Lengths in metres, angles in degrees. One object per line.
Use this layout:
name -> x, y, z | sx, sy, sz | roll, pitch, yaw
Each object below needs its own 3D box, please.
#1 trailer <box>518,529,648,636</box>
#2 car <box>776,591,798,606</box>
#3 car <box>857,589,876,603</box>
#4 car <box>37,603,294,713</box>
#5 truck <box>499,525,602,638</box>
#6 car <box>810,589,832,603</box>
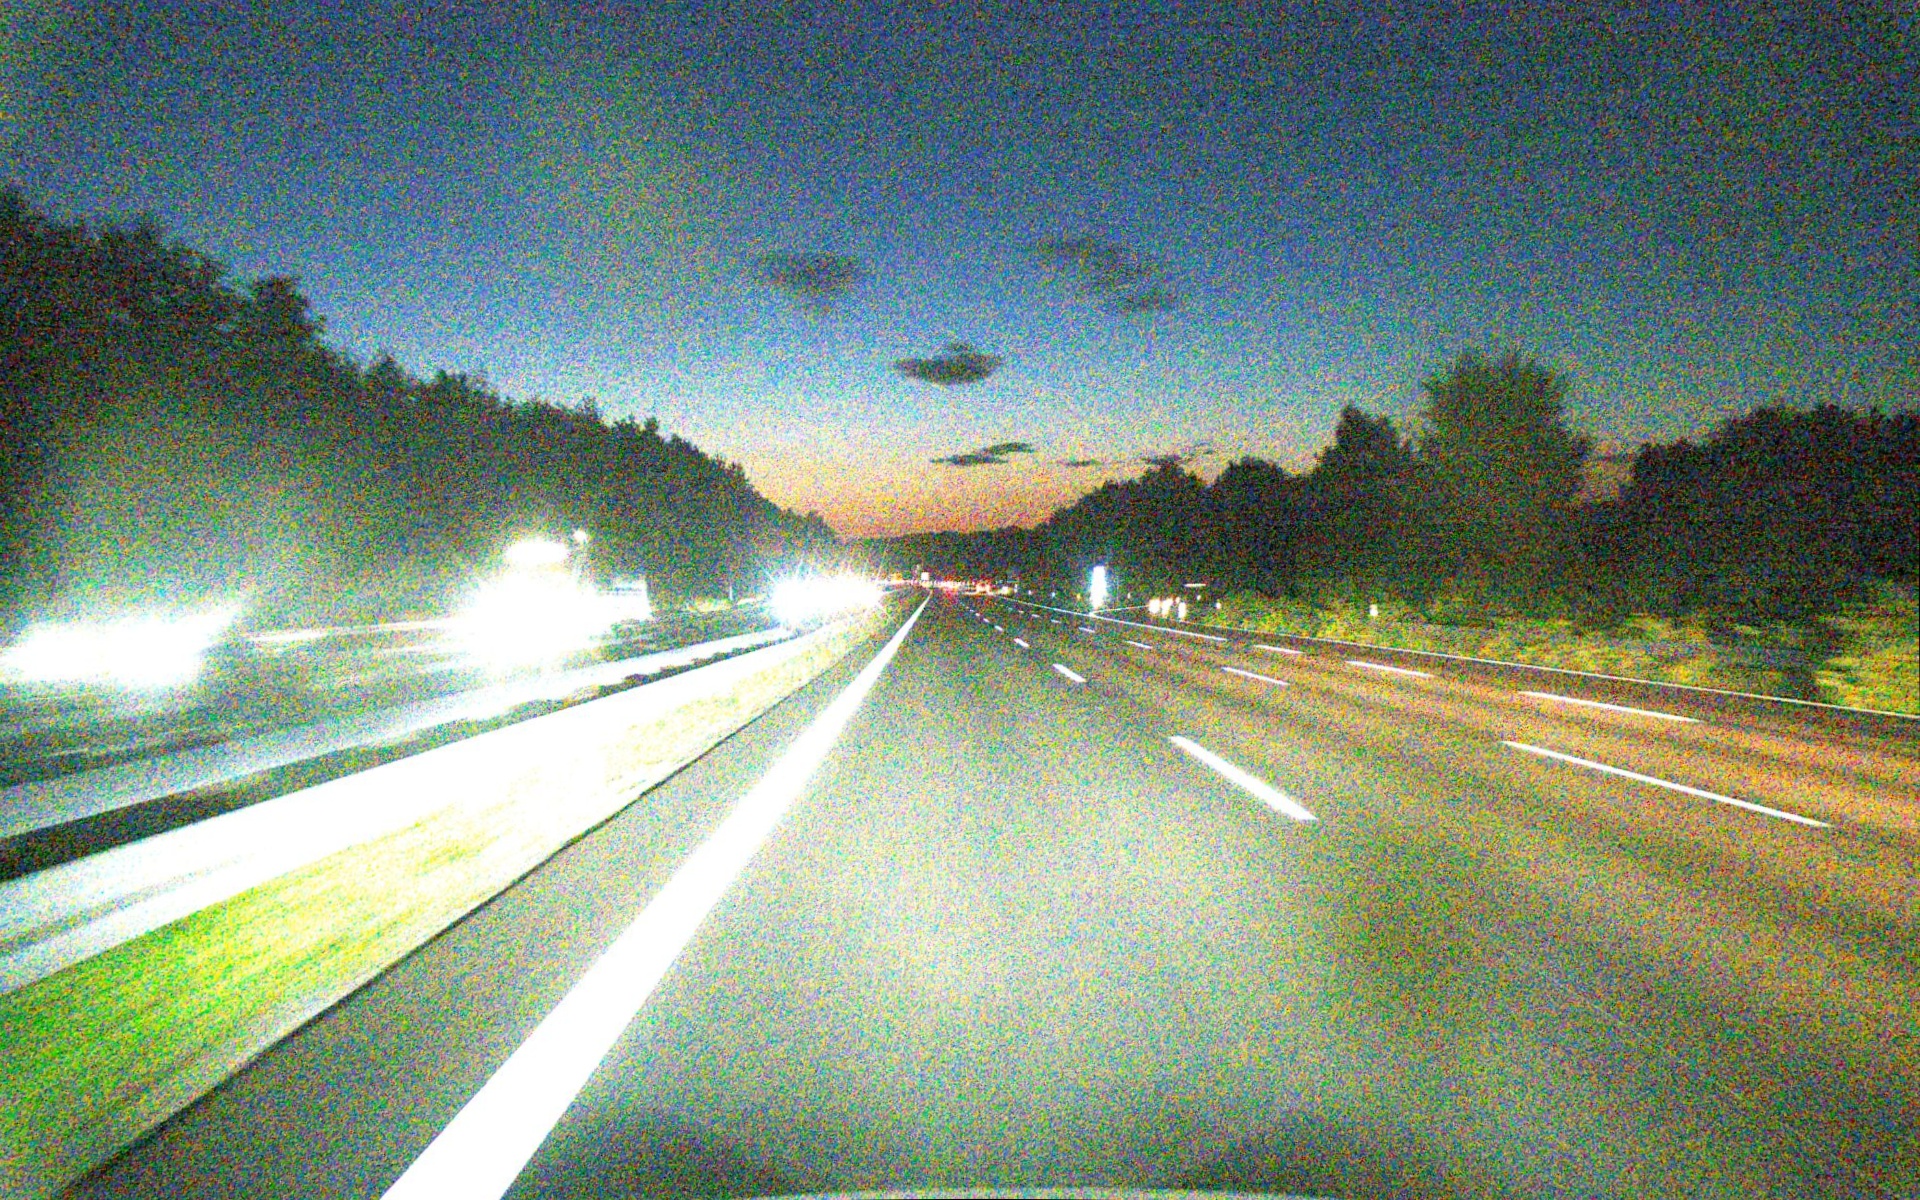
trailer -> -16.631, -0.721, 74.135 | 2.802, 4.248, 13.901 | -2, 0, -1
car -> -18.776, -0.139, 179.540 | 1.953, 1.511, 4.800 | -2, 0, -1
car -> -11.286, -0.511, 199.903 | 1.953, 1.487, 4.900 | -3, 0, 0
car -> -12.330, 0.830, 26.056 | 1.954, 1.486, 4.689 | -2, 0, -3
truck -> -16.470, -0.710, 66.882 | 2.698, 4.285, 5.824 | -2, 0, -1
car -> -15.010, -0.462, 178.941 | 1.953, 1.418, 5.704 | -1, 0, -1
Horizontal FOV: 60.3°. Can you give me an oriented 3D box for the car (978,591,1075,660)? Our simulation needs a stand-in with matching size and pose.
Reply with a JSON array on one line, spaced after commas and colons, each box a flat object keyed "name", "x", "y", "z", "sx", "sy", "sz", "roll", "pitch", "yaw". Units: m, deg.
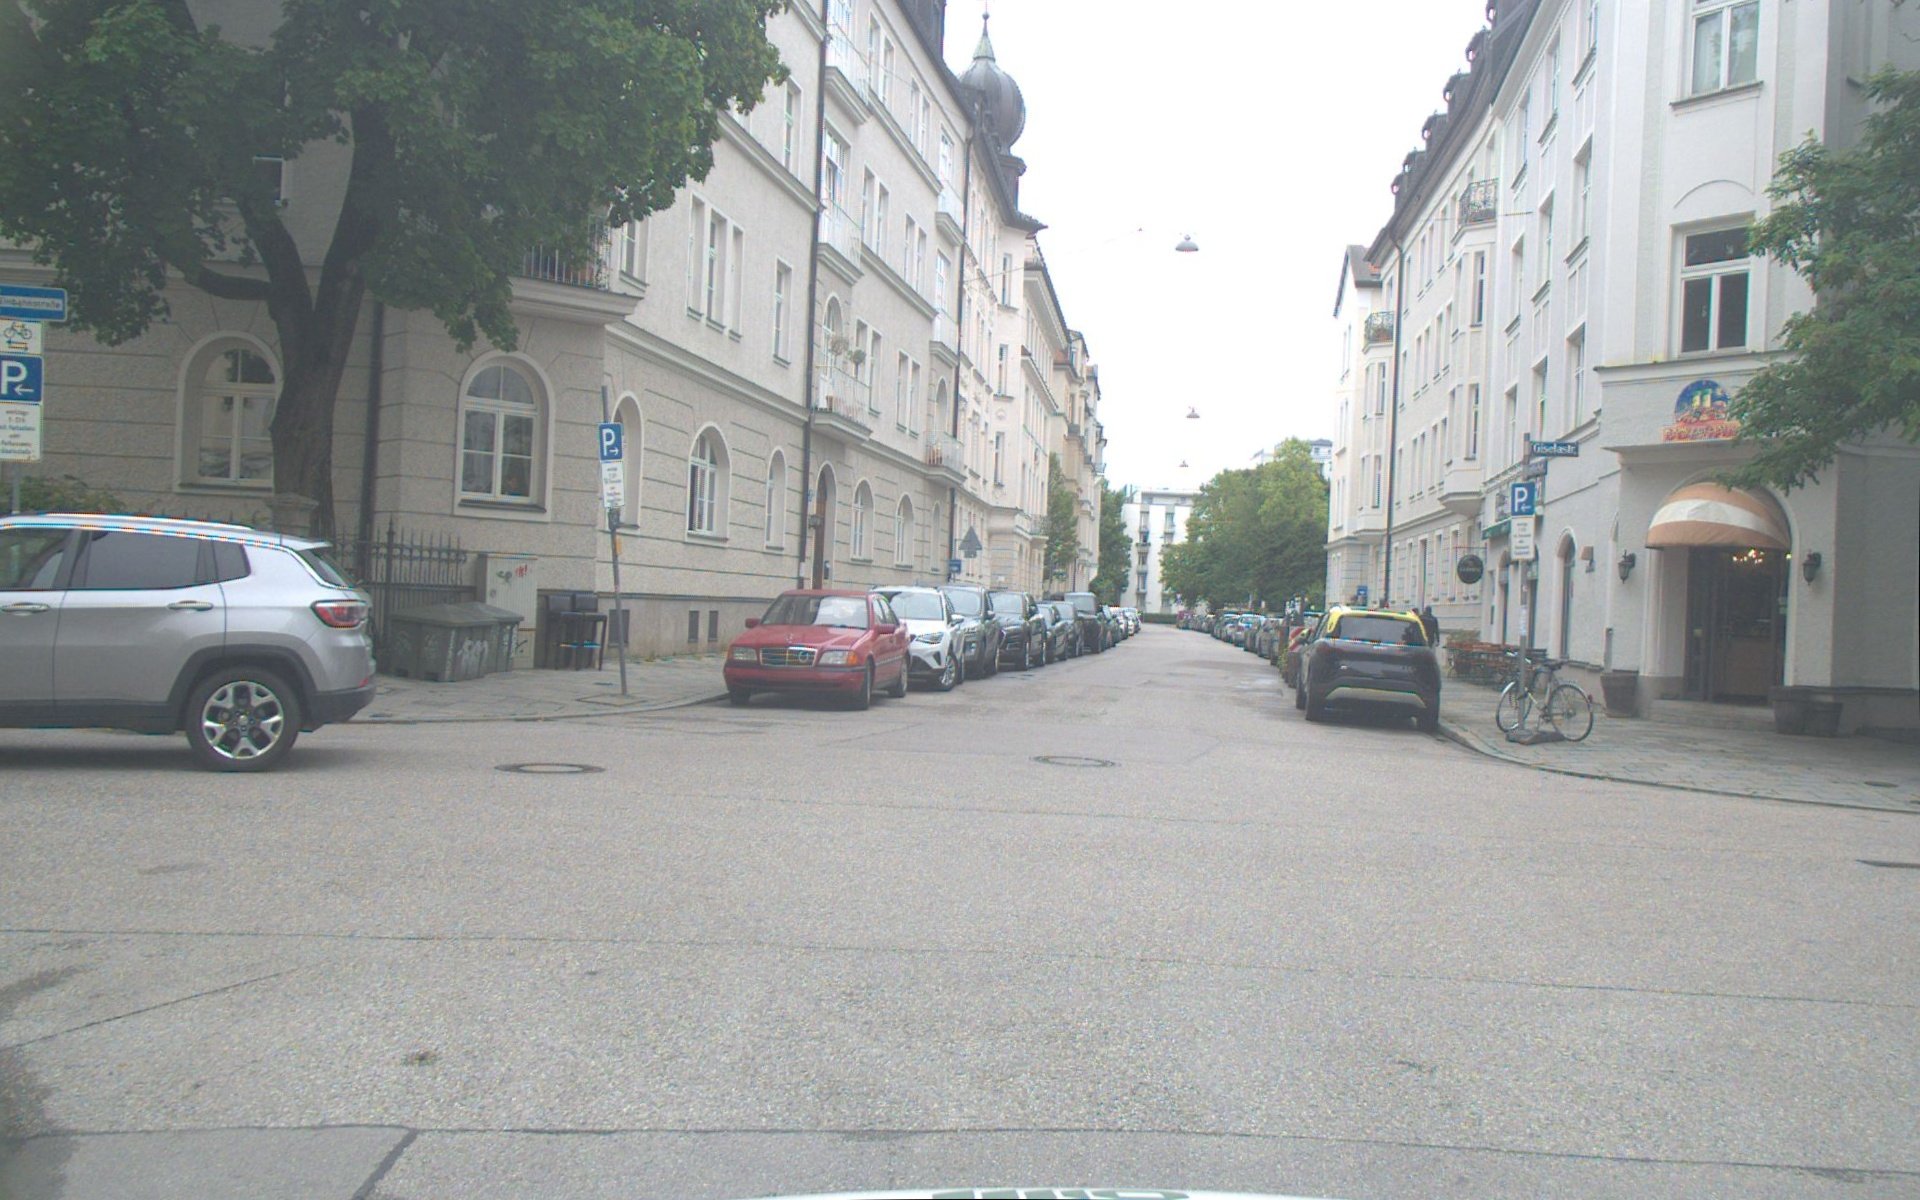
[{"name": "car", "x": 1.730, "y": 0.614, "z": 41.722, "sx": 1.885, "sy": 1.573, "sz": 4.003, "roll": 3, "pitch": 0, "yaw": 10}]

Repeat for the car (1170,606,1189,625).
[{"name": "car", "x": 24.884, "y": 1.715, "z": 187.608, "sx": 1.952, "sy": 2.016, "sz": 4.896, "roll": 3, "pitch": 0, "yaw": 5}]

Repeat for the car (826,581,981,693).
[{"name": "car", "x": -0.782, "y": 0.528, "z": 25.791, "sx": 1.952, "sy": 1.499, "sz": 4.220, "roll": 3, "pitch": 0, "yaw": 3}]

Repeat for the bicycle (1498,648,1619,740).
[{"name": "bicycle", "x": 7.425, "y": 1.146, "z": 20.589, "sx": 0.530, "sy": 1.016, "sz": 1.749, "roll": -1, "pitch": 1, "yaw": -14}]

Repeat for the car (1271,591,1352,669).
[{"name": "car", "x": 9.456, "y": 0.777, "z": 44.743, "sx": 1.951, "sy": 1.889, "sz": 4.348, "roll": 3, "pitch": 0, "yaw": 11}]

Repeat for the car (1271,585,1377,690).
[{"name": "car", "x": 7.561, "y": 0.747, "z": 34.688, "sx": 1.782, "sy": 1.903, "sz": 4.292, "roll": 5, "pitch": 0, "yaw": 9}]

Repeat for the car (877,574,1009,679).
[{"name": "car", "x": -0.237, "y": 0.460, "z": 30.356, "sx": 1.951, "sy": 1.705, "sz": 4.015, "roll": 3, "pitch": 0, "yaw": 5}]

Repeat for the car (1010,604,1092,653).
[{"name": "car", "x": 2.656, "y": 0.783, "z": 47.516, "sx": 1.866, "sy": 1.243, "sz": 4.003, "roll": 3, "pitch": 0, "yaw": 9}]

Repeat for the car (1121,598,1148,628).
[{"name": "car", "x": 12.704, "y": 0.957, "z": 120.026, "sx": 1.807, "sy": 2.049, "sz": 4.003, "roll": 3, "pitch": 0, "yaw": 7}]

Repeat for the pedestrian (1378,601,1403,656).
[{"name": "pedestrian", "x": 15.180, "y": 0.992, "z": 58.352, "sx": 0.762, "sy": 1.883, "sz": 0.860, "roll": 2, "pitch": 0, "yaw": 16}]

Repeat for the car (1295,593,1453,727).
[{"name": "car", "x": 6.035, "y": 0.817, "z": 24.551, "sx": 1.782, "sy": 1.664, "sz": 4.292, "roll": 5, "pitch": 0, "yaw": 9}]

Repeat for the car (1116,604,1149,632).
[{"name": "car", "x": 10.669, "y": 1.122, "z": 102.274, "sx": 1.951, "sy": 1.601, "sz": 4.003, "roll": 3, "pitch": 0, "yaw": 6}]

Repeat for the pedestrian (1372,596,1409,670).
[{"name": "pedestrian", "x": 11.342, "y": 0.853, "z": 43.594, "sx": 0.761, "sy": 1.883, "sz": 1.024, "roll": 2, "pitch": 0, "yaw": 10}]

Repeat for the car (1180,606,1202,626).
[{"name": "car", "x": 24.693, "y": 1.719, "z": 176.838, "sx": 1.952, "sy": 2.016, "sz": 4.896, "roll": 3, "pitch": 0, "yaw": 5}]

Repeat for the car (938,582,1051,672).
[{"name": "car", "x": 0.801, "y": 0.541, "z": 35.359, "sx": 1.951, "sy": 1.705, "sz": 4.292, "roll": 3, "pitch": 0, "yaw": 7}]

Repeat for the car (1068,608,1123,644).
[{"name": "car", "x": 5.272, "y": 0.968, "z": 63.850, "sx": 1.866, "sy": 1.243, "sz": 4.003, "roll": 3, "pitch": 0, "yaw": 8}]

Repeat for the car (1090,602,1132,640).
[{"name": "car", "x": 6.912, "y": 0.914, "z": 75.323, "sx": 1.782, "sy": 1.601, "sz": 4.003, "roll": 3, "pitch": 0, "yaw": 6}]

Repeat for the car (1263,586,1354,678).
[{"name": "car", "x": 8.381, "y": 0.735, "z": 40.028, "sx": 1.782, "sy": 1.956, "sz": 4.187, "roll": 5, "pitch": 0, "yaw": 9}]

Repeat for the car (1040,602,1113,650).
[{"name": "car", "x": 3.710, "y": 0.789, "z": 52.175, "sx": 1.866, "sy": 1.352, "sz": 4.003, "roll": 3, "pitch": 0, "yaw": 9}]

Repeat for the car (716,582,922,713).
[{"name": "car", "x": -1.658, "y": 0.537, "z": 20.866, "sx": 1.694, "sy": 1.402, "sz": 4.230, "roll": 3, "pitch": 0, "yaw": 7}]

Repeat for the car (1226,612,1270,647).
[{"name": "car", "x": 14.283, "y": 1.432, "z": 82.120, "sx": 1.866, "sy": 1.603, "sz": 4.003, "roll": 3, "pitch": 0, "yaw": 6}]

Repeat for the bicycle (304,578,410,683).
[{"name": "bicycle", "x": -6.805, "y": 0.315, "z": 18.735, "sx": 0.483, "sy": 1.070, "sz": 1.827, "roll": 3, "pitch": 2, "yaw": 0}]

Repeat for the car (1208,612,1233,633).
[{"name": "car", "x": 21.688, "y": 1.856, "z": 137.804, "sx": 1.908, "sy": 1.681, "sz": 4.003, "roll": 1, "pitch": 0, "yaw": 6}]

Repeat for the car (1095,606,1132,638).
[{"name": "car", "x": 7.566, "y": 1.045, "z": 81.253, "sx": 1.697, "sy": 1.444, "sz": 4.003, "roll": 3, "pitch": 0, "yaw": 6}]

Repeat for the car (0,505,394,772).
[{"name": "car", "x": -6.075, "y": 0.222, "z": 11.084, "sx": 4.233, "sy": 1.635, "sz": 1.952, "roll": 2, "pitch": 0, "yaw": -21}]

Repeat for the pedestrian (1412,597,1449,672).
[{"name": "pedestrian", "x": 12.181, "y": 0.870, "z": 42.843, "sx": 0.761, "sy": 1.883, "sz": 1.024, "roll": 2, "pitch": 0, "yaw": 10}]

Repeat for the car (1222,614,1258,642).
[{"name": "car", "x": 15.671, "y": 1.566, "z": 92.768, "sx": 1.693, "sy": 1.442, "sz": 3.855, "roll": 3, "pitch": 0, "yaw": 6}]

◆ ◆ ◆ ◆ ◆

## [PROBLEM]
The records above are to be set down exactly as written, with no images.

## [SOLUTION TO THE EXERCISE]
Lengths in metres, angles in degrees. One object per line.
Use this layout:
name -> x, y, z | sx, sy, sz | roll, pitch, yaw
Each object below needs its own 3D box, please.
#1 trailer <box>518,529,648,636</box>
#2 car <box>776,591,798,606</box>
#3 car <box>857,589,876,603</box>
#4 car <box>37,603,294,713</box>
#5 truck <box>499,525,602,638</box>
#6 car <box>810,589,832,603</box>
trailer -> -16.631, -0.721, 74.135 | 2.802, 4.248, 13.901 | -2, 0, -1
car -> -18.776, -0.139, 179.540 | 1.953, 1.511, 4.800 | -2, 0, -1
car -> -11.286, -0.511, 199.903 | 1.953, 1.487, 4.900 | -3, 0, 0
car -> -12.330, 0.830, 26.056 | 1.954, 1.486, 4.689 | -2, 0, -3
truck -> -16.470, -0.710, 66.882 | 2.698, 4.285, 5.824 | -2, 0, -1
car -> -15.010, -0.462, 178.941 | 1.953, 1.418, 5.704 | -1, 0, -1
Horizontal FOV: 60.3°. Can you give me an oriented 3D box for the car (978,591,1075,660)? Our simulation needs a stand-in with matching size and pose.
Reply with a JSON array on one line, spaced after commas and colons, each box a flat object keyed "name", "x", "y", "z", "sx", "sy", "sz", "roll", "pitch", "yaw". Units: m, deg.
[{"name": "car", "x": 1.730, "y": 0.614, "z": 41.722, "sx": 1.885, "sy": 1.573, "sz": 4.003, "roll": 3, "pitch": 0, "yaw": 10}]

Repeat for the car (1170,606,1189,625).
[{"name": "car", "x": 24.884, "y": 1.715, "z": 187.608, "sx": 1.952, "sy": 2.016, "sz": 4.896, "roll": 3, "pitch": 0, "yaw": 5}]

Repeat for the car (826,581,981,693).
[{"name": "car", "x": -0.782, "y": 0.528, "z": 25.791, "sx": 1.952, "sy": 1.499, "sz": 4.220, "roll": 3, "pitch": 0, "yaw": 3}]

Repeat for the bicycle (1498,648,1619,740).
[{"name": "bicycle", "x": 7.425, "y": 1.146, "z": 20.589, "sx": 0.530, "sy": 1.016, "sz": 1.749, "roll": -1, "pitch": 1, "yaw": -14}]

Repeat for the car (1271,591,1352,669).
[{"name": "car", "x": 9.456, "y": 0.777, "z": 44.743, "sx": 1.951, "sy": 1.889, "sz": 4.348, "roll": 3, "pitch": 0, "yaw": 11}]

Repeat for the car (1271,585,1377,690).
[{"name": "car", "x": 7.561, "y": 0.747, "z": 34.688, "sx": 1.782, "sy": 1.903, "sz": 4.292, "roll": 5, "pitch": 0, "yaw": 9}]

Repeat for the car (877,574,1009,679).
[{"name": "car", "x": -0.237, "y": 0.460, "z": 30.356, "sx": 1.951, "sy": 1.705, "sz": 4.015, "roll": 3, "pitch": 0, "yaw": 5}]

Repeat for the car (1010,604,1092,653).
[{"name": "car", "x": 2.656, "y": 0.783, "z": 47.516, "sx": 1.866, "sy": 1.243, "sz": 4.003, "roll": 3, "pitch": 0, "yaw": 9}]

Repeat for the car (1121,598,1148,628).
[{"name": "car", "x": 12.704, "y": 0.957, "z": 120.026, "sx": 1.807, "sy": 2.049, "sz": 4.003, "roll": 3, "pitch": 0, "yaw": 7}]

Repeat for the pedestrian (1378,601,1403,656).
[{"name": "pedestrian", "x": 15.180, "y": 0.992, "z": 58.352, "sx": 0.762, "sy": 1.883, "sz": 0.860, "roll": 2, "pitch": 0, "yaw": 16}]

Repeat for the car (1295,593,1453,727).
[{"name": "car", "x": 6.035, "y": 0.817, "z": 24.551, "sx": 1.782, "sy": 1.664, "sz": 4.292, "roll": 5, "pitch": 0, "yaw": 9}]

Repeat for the car (1116,604,1149,632).
[{"name": "car", "x": 10.669, "y": 1.122, "z": 102.274, "sx": 1.951, "sy": 1.601, "sz": 4.003, "roll": 3, "pitch": 0, "yaw": 6}]

Repeat for the pedestrian (1372,596,1409,670).
[{"name": "pedestrian", "x": 11.342, "y": 0.853, "z": 43.594, "sx": 0.761, "sy": 1.883, "sz": 1.024, "roll": 2, "pitch": 0, "yaw": 10}]

Repeat for the car (1180,606,1202,626).
[{"name": "car", "x": 24.693, "y": 1.719, "z": 176.838, "sx": 1.952, "sy": 2.016, "sz": 4.896, "roll": 3, "pitch": 0, "yaw": 5}]

Repeat for the car (938,582,1051,672).
[{"name": "car", "x": 0.801, "y": 0.541, "z": 35.359, "sx": 1.951, "sy": 1.705, "sz": 4.292, "roll": 3, "pitch": 0, "yaw": 7}]

Repeat for the car (1068,608,1123,644).
[{"name": "car", "x": 5.272, "y": 0.968, "z": 63.850, "sx": 1.866, "sy": 1.243, "sz": 4.003, "roll": 3, "pitch": 0, "yaw": 8}]

Repeat for the car (1090,602,1132,640).
[{"name": "car", "x": 6.912, "y": 0.914, "z": 75.323, "sx": 1.782, "sy": 1.601, "sz": 4.003, "roll": 3, "pitch": 0, "yaw": 6}]

Repeat for the car (1263,586,1354,678).
[{"name": "car", "x": 8.381, "y": 0.735, "z": 40.028, "sx": 1.782, "sy": 1.956, "sz": 4.187, "roll": 5, "pitch": 0, "yaw": 9}]

Repeat for the car (1040,602,1113,650).
[{"name": "car", "x": 3.710, "y": 0.789, "z": 52.175, "sx": 1.866, "sy": 1.352, "sz": 4.003, "roll": 3, "pitch": 0, "yaw": 9}]

Repeat for the car (716,582,922,713).
[{"name": "car", "x": -1.658, "y": 0.537, "z": 20.866, "sx": 1.694, "sy": 1.402, "sz": 4.230, "roll": 3, "pitch": 0, "yaw": 7}]

Repeat for the car (1226,612,1270,647).
[{"name": "car", "x": 14.283, "y": 1.432, "z": 82.120, "sx": 1.866, "sy": 1.603, "sz": 4.003, "roll": 3, "pitch": 0, "yaw": 6}]

Repeat for the bicycle (304,578,410,683).
[{"name": "bicycle", "x": -6.805, "y": 0.315, "z": 18.735, "sx": 0.483, "sy": 1.070, "sz": 1.827, "roll": 3, "pitch": 2, "yaw": 0}]

Repeat for the car (1208,612,1233,633).
[{"name": "car", "x": 21.688, "y": 1.856, "z": 137.804, "sx": 1.908, "sy": 1.681, "sz": 4.003, "roll": 1, "pitch": 0, "yaw": 6}]

Repeat for the car (1095,606,1132,638).
[{"name": "car", "x": 7.566, "y": 1.045, "z": 81.253, "sx": 1.697, "sy": 1.444, "sz": 4.003, "roll": 3, "pitch": 0, "yaw": 6}]

Repeat for the car (0,505,394,772).
[{"name": "car", "x": -6.075, "y": 0.222, "z": 11.084, "sx": 4.233, "sy": 1.635, "sz": 1.952, "roll": 2, "pitch": 0, "yaw": -21}]

Repeat for the pedestrian (1412,597,1449,672).
[{"name": "pedestrian", "x": 12.181, "y": 0.870, "z": 42.843, "sx": 0.761, "sy": 1.883, "sz": 1.024, "roll": 2, "pitch": 0, "yaw": 10}]

Repeat for the car (1222,614,1258,642).
[{"name": "car", "x": 15.671, "y": 1.566, "z": 92.768, "sx": 1.693, "sy": 1.442, "sz": 3.855, "roll": 3, "pitch": 0, "yaw": 6}]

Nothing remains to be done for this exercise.